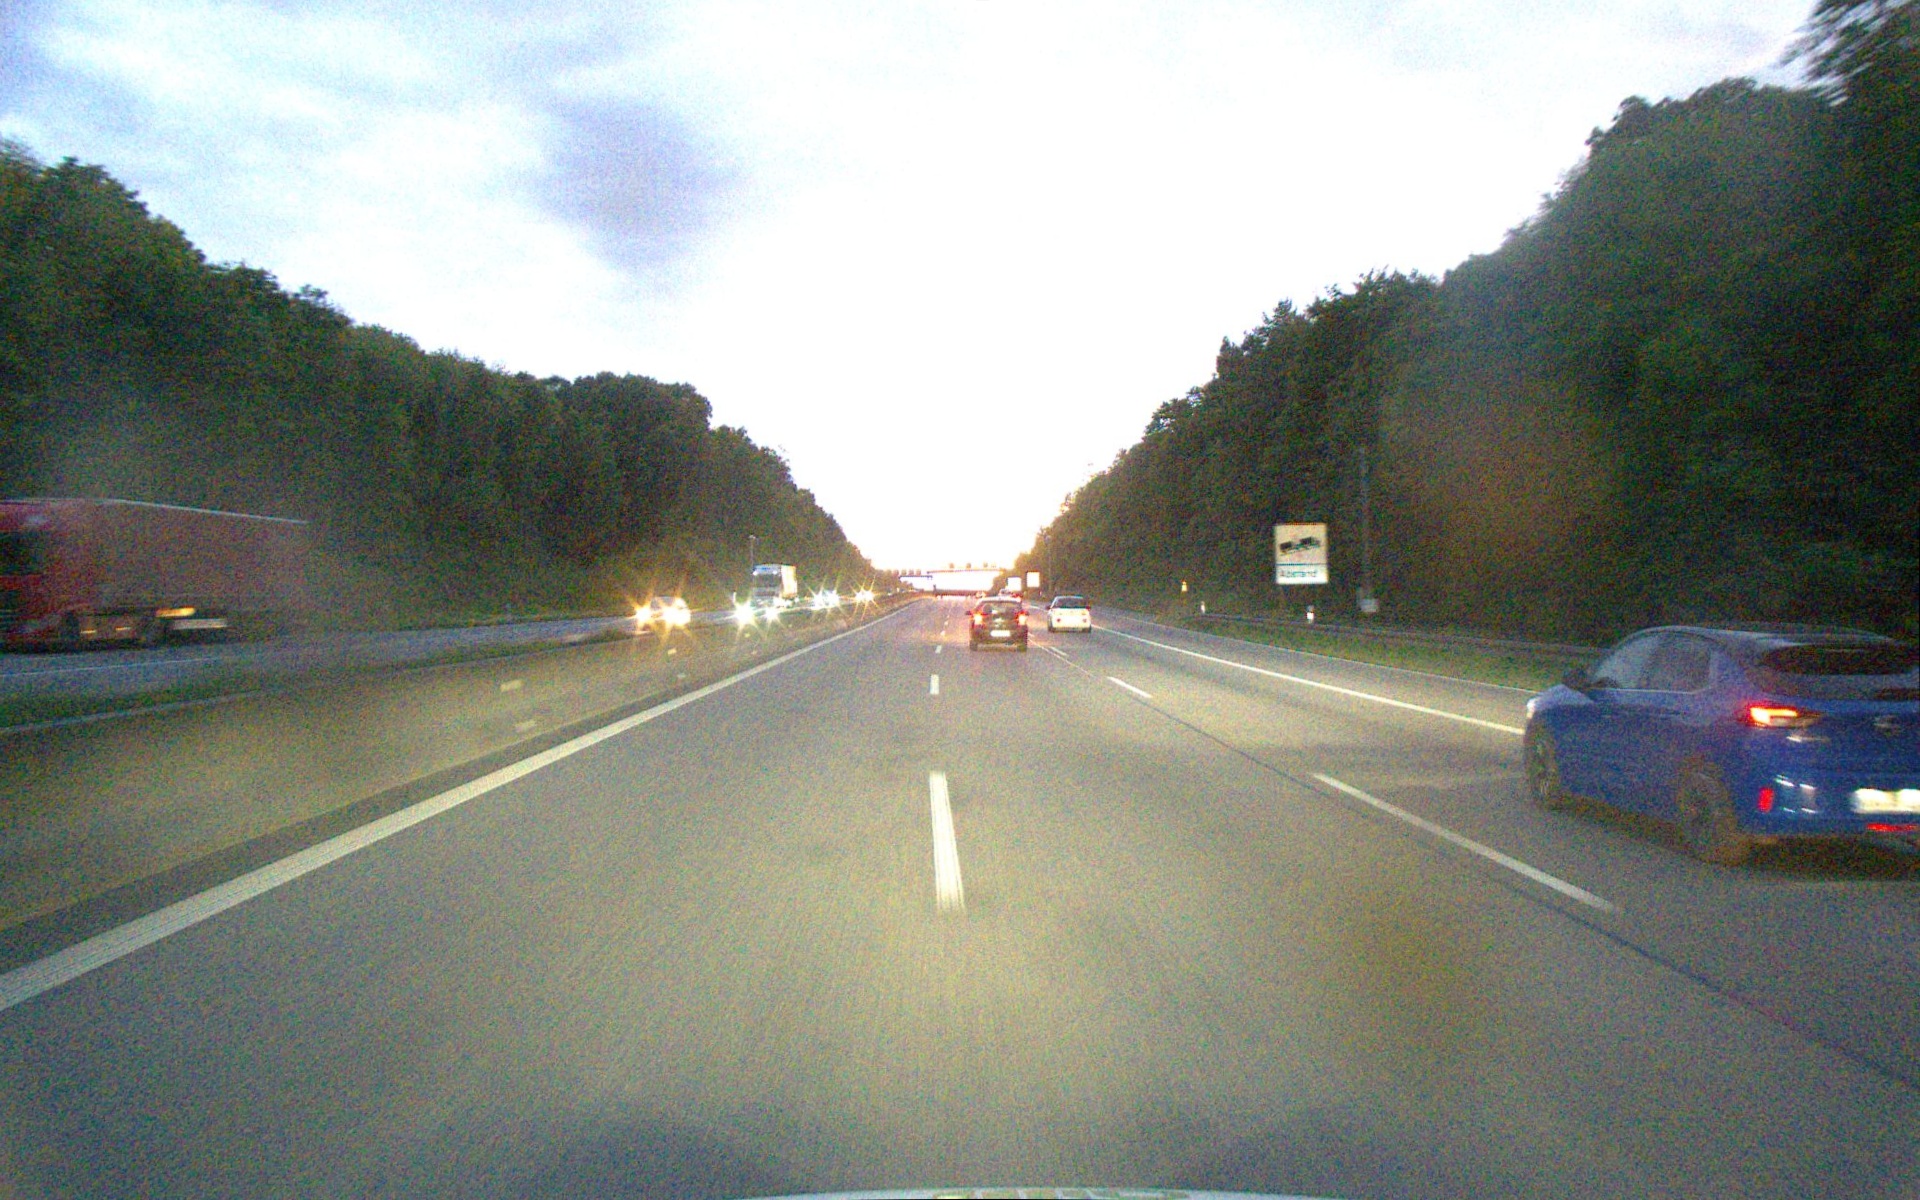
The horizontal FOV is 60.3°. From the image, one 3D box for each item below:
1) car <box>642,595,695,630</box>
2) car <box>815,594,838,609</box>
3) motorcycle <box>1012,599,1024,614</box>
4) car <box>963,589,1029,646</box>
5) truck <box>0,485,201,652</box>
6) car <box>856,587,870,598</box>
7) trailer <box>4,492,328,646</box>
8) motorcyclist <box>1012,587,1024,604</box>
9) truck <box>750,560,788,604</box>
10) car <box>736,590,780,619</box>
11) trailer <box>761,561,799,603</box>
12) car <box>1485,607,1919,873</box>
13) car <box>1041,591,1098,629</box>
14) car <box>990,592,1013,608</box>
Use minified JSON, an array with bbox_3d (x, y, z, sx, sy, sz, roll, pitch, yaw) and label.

^^^^^^^^

Each line in the data where the string "truck" occurs should be identified and copied.

_Reply to the task_.
5) truck <box>0,485,201,652</box>
9) truck <box>750,560,788,604</box>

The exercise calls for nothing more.